If an investor holds the bond for its full maturity i.e. 8 years, then no tax has to be paid on capital gains. However, different rules apply when selling before maturity. If sold within 12 months, profit will be taxable at slab rate. If held more than 12 months, 12.5% ​​LTCG tax will be charged.

Gold Futures and Options

The rules are different for those trading gold futures and options on commodity exchanges.

The profits arising from these are not considered capital gains but business income. Tax is levied on this as per the respective tax slab. In some cases, rules regarding record keeping and audit may also apply.

Is gold received as gift tax free or not?

In our country, it is common to get gold through marriage, family functions and inheritance.
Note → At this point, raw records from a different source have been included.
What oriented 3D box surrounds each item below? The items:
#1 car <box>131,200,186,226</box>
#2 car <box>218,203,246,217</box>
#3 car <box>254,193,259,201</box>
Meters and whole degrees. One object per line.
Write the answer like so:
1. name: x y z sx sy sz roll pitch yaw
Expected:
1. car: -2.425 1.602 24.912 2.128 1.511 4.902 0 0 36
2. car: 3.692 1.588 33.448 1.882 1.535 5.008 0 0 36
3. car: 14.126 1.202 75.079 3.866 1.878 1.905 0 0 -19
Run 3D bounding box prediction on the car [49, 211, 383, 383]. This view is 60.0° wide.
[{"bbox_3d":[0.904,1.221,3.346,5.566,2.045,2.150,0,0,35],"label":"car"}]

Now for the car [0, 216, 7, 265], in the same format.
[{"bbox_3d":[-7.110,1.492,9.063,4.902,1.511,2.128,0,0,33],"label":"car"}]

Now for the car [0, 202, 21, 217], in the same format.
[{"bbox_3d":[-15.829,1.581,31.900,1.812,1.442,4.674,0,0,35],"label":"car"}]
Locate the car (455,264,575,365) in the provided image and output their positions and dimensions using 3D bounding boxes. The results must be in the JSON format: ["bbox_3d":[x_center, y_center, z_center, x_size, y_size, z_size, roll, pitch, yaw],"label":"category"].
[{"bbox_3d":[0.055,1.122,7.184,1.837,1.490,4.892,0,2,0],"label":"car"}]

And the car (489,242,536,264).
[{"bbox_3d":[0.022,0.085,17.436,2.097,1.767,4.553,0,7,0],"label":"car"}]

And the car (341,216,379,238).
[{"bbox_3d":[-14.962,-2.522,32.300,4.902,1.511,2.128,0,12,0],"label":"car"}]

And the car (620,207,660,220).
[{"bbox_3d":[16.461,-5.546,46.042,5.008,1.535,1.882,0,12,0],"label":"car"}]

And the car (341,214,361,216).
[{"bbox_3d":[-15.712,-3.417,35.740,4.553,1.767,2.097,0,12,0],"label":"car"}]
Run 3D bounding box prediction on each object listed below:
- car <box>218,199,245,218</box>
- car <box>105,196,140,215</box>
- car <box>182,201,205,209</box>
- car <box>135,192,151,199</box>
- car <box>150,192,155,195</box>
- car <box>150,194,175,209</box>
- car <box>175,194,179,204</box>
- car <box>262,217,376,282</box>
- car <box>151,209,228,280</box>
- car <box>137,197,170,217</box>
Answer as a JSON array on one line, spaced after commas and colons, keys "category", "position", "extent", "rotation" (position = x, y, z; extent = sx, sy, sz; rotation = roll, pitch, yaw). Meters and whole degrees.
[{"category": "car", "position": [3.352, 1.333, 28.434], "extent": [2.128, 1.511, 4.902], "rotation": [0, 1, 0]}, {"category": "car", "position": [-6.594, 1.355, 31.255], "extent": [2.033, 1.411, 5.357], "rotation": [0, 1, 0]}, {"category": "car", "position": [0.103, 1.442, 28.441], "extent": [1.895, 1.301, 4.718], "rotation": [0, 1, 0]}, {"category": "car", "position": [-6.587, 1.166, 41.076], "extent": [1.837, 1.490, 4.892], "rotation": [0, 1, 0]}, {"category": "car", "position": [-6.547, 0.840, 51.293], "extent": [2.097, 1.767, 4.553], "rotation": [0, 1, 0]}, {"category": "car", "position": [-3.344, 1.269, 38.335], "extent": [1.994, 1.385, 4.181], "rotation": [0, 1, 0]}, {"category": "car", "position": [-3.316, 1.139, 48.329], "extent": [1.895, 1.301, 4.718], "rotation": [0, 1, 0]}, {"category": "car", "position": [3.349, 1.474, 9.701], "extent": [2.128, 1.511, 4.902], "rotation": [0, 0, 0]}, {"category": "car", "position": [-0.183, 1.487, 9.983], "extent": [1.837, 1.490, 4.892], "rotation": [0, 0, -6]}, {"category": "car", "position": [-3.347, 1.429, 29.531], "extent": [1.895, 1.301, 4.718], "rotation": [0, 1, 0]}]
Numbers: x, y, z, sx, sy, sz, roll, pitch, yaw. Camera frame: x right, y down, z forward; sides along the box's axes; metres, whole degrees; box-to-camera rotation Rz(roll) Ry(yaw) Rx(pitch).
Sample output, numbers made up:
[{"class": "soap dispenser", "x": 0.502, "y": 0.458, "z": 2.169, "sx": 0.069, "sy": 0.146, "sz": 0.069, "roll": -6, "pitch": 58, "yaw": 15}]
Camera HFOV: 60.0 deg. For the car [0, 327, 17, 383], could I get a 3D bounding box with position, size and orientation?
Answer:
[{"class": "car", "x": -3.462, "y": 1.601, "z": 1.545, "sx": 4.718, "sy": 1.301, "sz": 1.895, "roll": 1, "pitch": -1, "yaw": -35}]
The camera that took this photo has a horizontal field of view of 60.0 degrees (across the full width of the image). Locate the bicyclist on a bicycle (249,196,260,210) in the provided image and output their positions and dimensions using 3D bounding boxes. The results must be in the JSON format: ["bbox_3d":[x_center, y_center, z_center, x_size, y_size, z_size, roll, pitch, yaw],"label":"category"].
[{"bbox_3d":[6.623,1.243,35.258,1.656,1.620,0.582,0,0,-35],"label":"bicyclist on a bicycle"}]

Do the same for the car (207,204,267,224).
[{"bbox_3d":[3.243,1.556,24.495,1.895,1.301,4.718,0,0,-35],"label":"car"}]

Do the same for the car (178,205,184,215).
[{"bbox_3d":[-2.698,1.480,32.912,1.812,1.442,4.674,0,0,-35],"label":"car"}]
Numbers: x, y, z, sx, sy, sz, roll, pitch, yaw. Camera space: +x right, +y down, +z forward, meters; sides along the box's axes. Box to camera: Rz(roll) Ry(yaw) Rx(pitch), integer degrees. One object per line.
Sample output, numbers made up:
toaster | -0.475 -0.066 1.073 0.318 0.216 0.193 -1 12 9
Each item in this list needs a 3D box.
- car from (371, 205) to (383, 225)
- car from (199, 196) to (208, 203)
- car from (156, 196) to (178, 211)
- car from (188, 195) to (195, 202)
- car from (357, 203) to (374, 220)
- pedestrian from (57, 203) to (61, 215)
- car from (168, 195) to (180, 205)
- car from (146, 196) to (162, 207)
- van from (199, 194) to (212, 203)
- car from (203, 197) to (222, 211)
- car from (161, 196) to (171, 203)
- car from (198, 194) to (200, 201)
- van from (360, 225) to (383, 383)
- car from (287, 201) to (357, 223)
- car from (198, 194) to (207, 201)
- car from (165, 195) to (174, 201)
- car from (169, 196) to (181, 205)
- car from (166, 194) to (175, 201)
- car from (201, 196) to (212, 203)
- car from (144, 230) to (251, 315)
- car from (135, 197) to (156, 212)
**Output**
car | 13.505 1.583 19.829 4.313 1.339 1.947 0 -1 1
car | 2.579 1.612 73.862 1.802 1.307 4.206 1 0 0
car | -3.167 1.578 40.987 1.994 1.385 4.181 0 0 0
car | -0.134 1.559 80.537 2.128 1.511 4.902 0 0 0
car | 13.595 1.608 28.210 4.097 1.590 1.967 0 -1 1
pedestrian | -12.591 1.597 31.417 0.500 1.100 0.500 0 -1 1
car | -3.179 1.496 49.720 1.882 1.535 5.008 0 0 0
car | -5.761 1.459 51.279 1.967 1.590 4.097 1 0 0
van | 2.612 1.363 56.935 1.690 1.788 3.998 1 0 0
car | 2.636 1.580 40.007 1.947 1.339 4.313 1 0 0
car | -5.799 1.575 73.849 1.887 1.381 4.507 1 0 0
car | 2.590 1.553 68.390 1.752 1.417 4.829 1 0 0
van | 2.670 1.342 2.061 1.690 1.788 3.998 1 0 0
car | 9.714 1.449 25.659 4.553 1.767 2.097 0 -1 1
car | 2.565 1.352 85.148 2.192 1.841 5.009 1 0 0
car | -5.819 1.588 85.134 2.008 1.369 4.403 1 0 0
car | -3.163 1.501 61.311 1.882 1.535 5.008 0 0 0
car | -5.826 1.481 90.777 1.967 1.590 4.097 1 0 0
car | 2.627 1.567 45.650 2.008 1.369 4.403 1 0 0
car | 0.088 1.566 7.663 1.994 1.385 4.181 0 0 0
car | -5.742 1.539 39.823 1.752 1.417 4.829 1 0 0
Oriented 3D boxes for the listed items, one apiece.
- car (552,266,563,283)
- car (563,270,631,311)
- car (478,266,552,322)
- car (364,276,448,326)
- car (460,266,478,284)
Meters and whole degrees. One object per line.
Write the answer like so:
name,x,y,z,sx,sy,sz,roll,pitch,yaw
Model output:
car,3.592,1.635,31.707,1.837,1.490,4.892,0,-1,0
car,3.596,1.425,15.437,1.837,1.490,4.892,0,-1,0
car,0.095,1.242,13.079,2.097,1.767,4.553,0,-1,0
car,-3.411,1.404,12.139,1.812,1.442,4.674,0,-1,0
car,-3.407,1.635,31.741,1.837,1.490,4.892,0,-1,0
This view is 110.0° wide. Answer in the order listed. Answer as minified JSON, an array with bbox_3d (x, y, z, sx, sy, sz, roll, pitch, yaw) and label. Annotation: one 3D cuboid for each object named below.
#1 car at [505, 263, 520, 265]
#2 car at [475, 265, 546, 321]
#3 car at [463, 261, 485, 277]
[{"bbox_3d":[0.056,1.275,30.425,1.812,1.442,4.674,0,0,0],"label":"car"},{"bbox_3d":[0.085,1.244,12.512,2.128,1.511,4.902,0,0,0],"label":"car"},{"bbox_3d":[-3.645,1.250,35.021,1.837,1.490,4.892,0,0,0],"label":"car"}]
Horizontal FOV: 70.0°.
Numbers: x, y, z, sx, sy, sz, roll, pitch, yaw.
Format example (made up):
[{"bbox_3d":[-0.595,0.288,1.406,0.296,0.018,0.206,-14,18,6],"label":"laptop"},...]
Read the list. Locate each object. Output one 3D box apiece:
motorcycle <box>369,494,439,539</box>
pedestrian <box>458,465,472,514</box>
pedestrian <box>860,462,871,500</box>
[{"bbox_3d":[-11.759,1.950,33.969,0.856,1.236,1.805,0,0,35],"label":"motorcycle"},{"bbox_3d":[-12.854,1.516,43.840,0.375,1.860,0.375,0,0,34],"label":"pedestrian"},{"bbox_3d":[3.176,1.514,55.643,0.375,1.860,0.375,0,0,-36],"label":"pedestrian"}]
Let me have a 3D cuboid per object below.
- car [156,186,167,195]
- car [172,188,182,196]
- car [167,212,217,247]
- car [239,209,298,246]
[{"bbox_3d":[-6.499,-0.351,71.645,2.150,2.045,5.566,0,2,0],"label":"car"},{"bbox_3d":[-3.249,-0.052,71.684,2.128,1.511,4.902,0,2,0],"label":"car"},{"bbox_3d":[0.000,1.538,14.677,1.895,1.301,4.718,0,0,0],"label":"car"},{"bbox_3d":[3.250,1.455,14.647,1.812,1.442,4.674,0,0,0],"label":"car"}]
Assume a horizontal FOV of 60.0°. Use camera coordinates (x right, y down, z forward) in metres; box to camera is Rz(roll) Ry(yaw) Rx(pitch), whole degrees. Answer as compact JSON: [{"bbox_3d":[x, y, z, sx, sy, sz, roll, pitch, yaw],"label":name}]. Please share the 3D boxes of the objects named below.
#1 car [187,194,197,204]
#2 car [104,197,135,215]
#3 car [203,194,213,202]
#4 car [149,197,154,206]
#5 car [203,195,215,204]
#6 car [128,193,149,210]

There is no time tax on inherited gold. Similarly, gold received from close relatives like parents, spouse or children is also tax free. Gold received on the occasion of marriage is also completely tax free.

However, if gold worth more than Rs 50,000 is received from a non-relative without any payment, its value may be taxable under the head ‘Income from other sources’. Capital gains tax will be applicable separately on selling it later.

Can tax be saved on gold?

Under Section 54F of the Income Tax Act, in some cases, relief from LTCG tax can be availed by investing the amount received from selling gold in residential property.

However, tax experts recommend that all the conditions should be understood thoroughly before claiming such exemption.

Which gold investment is most tax friendly?

If seen solely from the tax perspective, sovereign gold bonds held till maturity are the most profitable as the capital gains on them are completely tax free.

Whereas among market based options, Gold ETFs are generally considered more tax efficient because in these, the benefit of LTCG is available only after 12 months. In comparison, investors in physical gold, digital gold and gold mutual funds have to wait for more than 24 months.